Riley, December 1980

Today’s song challenge is “a song someone sang to you once.” How about sang to me too many times to count? If I was in a bad mood or just feeling playful, and Riley was there with his guitar, I made the same request: “Play ‘Rocky Raccoon,’ please!” I’ve shared on here before how one time when I made that request, he gave me a reproachful look.

If I’ve never shared this before, it’s a picture from one of our high school yearbooks. I don’t have that yearbook, but Lynne does. I snapped a photo with my camera phone when I was at Half-Acre Wood a couple of years ago. Riley in his 1950s era raccoon coat.

Riley and other musicians were doing a tribute in a local bar to John Lennon in December 1980, days after the former Beatle was murdered. As much as everyone there loved playing and hearing the music, there was such a pervasive feeling of sadness among us. I couldn’t take it anymore and mouthed my request: “Rocky Raccoon.”

“That’s a McCartney song,” he answered off mic, not wanting to embarrass me.

“I know,” I said. “Please play it anyway. For me.”

He couldn’t refuse me. I don’t know about anyone else in the bar, but hearing Riley play and sing a song that always made me laugh was what I needed to keep my equilibrium that night. Whether or not John Lennon liked the song, as he once told us in a different song, Whatever gets you thru the night/It’s all right, it’s all right.

I thank Riley, always, for all the days and nights he got me through with his music and poetry, all the other artists’ music he introduced me to, his friendship and love, for sometimes testing me almost to the ends of my patience and endurance, his emotional support during my hardest times, and his ability to make me laugh.

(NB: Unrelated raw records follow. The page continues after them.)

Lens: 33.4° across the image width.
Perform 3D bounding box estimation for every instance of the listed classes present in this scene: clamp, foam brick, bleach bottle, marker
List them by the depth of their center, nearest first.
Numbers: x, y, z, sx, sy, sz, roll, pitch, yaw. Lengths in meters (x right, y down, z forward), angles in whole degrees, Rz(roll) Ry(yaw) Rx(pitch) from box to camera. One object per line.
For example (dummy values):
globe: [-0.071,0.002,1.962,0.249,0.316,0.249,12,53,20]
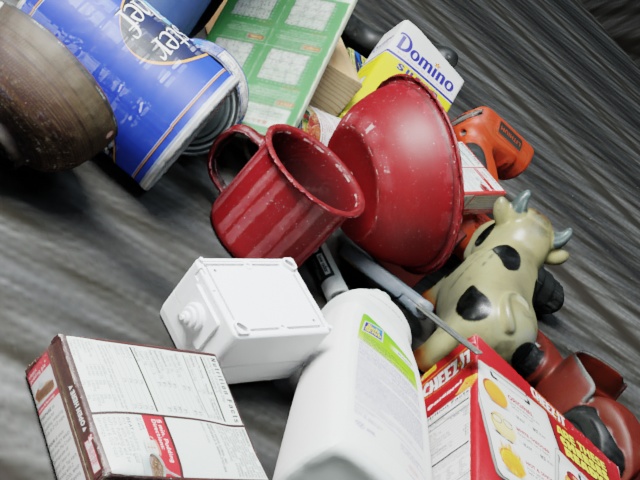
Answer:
bleach bottle: [0.033,0.105,0.709,0.102,0.068,0.250,47,21,-13]
marker: [-0.006,0.001,0.859,0.020,0.020,0.121,19,35,-42]
foam brick: [0.089,0.003,0.956,0.051,0.053,0.078,47,26,6]
clamp: [0.041,-0.217,1.159,0.209,0.165,0.036,28,73,-18]

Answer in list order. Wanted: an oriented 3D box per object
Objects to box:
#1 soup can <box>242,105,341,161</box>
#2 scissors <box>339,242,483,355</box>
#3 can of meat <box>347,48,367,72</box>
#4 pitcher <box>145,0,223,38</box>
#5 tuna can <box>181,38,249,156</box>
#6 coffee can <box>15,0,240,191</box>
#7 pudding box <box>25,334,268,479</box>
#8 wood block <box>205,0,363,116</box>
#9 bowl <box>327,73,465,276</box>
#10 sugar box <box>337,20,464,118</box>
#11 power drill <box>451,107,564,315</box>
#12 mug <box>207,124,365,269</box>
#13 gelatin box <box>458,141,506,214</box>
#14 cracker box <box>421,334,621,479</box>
soup can: [-0.008,-0.082,0.925,0.102,0.069,0.068,15,38,-47]
scissors: [0.083,0.057,0.829,0.096,0.016,0.202,37,1,-41]
can of meat: [0.052,-0.148,1.129,0.083,0.058,0.102,30,28,-22]
pitcher: [-0.108,-0.251,0.831,0.145,0.243,0.149,34,23,-18]
tuna can: [-0.098,-0.110,0.815,0.086,0.086,0.033,41,24,-6]
coffee can: [-0.142,-0.118,0.744,0.140,0.103,0.102,40,26,-7]
pudding box: [-0.090,0.099,0.564,0.113,0.039,0.090,17,35,-47]
wood block: [-0.044,-0.193,1.016,0.090,0.091,0.206,24,32,-35]
bowl: [0.048,-0.048,0.840,0.055,0.162,0.162,-9,51,-25]
sugar box: [0.074,-0.133,1.047,0.093,0.048,0.176,45,50,-16]
power drill: [0.188,-0.031,1.096,0.184,0.057,0.187,36,42,-35]
mug: [-0.036,-0.034,0.794,0.117,0.082,0.093,43,25,-3]
gelatin box: [0.118,-0.057,0.981,0.089,0.030,0.073,-4,48,-44]
cracker box: [0.136,0.187,0.715,0.164,0.072,0.213,43,24,-14]

In 2022, on the 42nd anniversary of John Lennon’s death, a group of musicians and fans gathered at the Strawberry Fields/Imagine memorial in Central Park, and there’s a video of them doing the song. I guess I’m not the only one. =)

Here’s the album version by the Beatles.

Song Challenge: Day 28


Today’s song challenge is “a song by an artist whose voice you love.” I was watching some television show one night a long time ago–I mean like 1970s or 1980s long time–I feel like it could have been a cop show–and they played Sam Cooke’s “You Send Me.” Even though the song was already familiar to me, maybe because of the show’s plot or the scene they showed while it played, who knows, it grabbed my attention that night. Despite all those other details having vanished, I’ve never forgotten how the song felt new and became a favorite from that point on.

I can’t say anything better about Sam Cooke’s voice than this quote from Wikipedia: Cooke is widely considered one of the greatest singers and most accomplished vocalists of all time. His incredibly pure tenor voice was big, velvety and expansive, with an instantly recognizable tone. His pitch was remarkable, and his manner of singing was effortlessly soulful. He could go as high as high C without losing purity or volume, and his upper mid-range was coated in a unique rasp. His vocal style was very adaptable, adopting a rather classical sound on jazz and pop songs while maintaining his trademark stylistic soulful hold on R&B, gospel, and soul music.

Song Challenge: Day 27

Today’s song challenge is “a song that breaks your heart.” For me, that song is the Carole King composition “You’ve Got a Friend.” I own it by at least three artists, and I no longer listen to it. There’s nothing at all wrong with the song; it’s as beautiful to me as it ever was. But a moment came in my life when hearing “You’ve Got a Friend” evoked a lyric from a different song, the Jackson Browne composition “These Days”: Please don’t confront me with my failures/I had not forgotten them.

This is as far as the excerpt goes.